SOURCE MATERIAL:

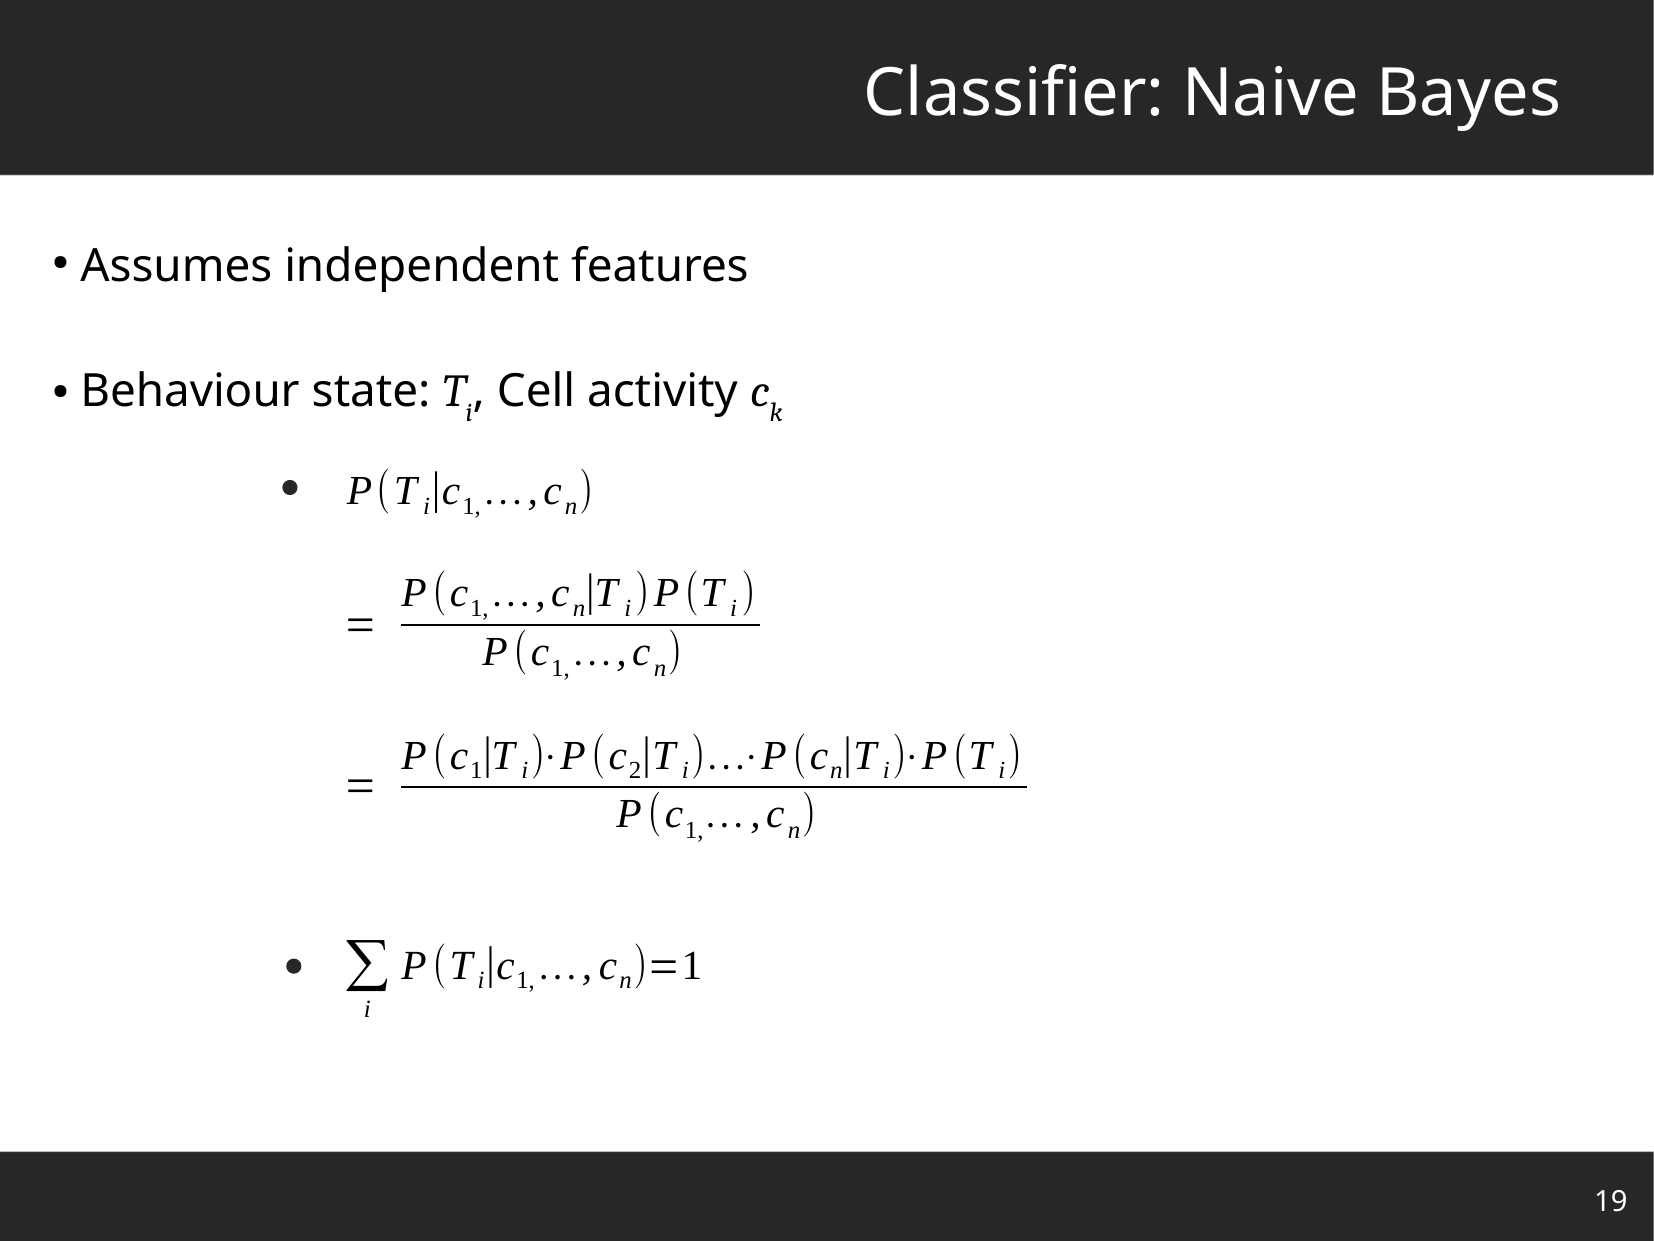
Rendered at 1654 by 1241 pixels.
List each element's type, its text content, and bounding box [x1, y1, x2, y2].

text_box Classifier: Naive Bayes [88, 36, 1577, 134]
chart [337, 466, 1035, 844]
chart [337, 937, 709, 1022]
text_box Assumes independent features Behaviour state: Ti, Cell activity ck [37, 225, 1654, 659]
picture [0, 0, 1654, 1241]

EXERCISE DESCRIPTION: For each record, return its text exactly and leave any picture out.

SOLVED PROBLEM:
Rendered at 1654 by 1241 pixels.
List each element's type, its text content, and bounding box [x1, y1, x2, y2].

text_box Classifier: Naive Bayes [88, 36, 1577, 134]
chart [337, 466, 1035, 844]
chart [337, 937, 709, 1022]
text_box Assumes independent features Behaviour state: Ti, Cell activity ck [37, 225, 1654, 659]
picture [0, 0, 1654, 1241]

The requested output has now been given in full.